Buenos Aires - Cinco anos após o “corralito” financeiro, que limitou os saques bancários dos argentinos a 250 pesos por semana e levou a classe média a fazer panelaços pelas ruas, a Argentina segue seu caminho de recuperação econômica com outra receita heterodoxa: o congelamento de preços de produtos específicos.
A estratégia é alvo de duras críticas dos economistas, causa arrepios no empresariado e revolta o setor agropecuário, que ontem entrou em greve para protestar contra a política econômica do presidente Néstor Kirchner.

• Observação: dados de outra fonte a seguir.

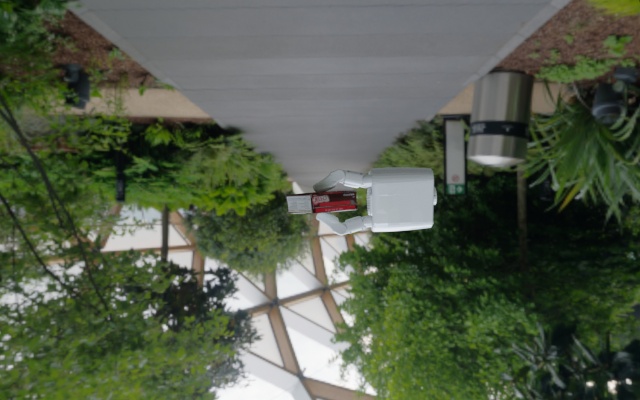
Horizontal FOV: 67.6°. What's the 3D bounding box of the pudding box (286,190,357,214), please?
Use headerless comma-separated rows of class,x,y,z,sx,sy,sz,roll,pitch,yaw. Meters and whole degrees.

Ruralistas, que alegam prejuízos de US$ 766 milhões para o setor com o congelamento e a redução de preços, prometem fazer um “tratoraço” contra a tabela com preços de referência para os alimentos e as retenções sobre as exportações.
O plano é suspender a entrega de carne, cereais, frutas e hortaliças aos mercados e ainda bloquear estradas. Segundo o Centro de Educação do Consumidor, os cortes de carne mais consumidos podem subir 100% com o desabastecimento.
Alheio à reclamação dos ruralistas, para atingir dois objetivos difíceis de conciliar - manter elevados os níveis de consumo que sustentam o crescimento econômico e conter o avanço inflacionário -, o governo usa os chamados “acordos de preço” para estipular desde o valor de frutas, hortaliças, hambúrgueres e refrigerantes aos preços das vitrines de grifes como Yves Saint Laurent e Christian Dior.
Com os olhos fixos nas eleições para a Casa Rosada em 2007, o presidente Kirchner faz questão de mostrar seu envolvimento pessoal nesse controle. O marketing político funciona: a impressão que se tem, ao ler os jornais locais ou ao assistir à TV, é a de que o presidente cuida de cada pequena compra feita pelo consumidor argentino.
De acordo com estudo da consultoria Ecolatina, também são evidentes as limitações para avançar com os “acordos de preço” nos mercados em que operam muitos agentes, destacando aumentos importantes em serviços, sobretudo educação (21% só neste ano), além de habitação e vestuário.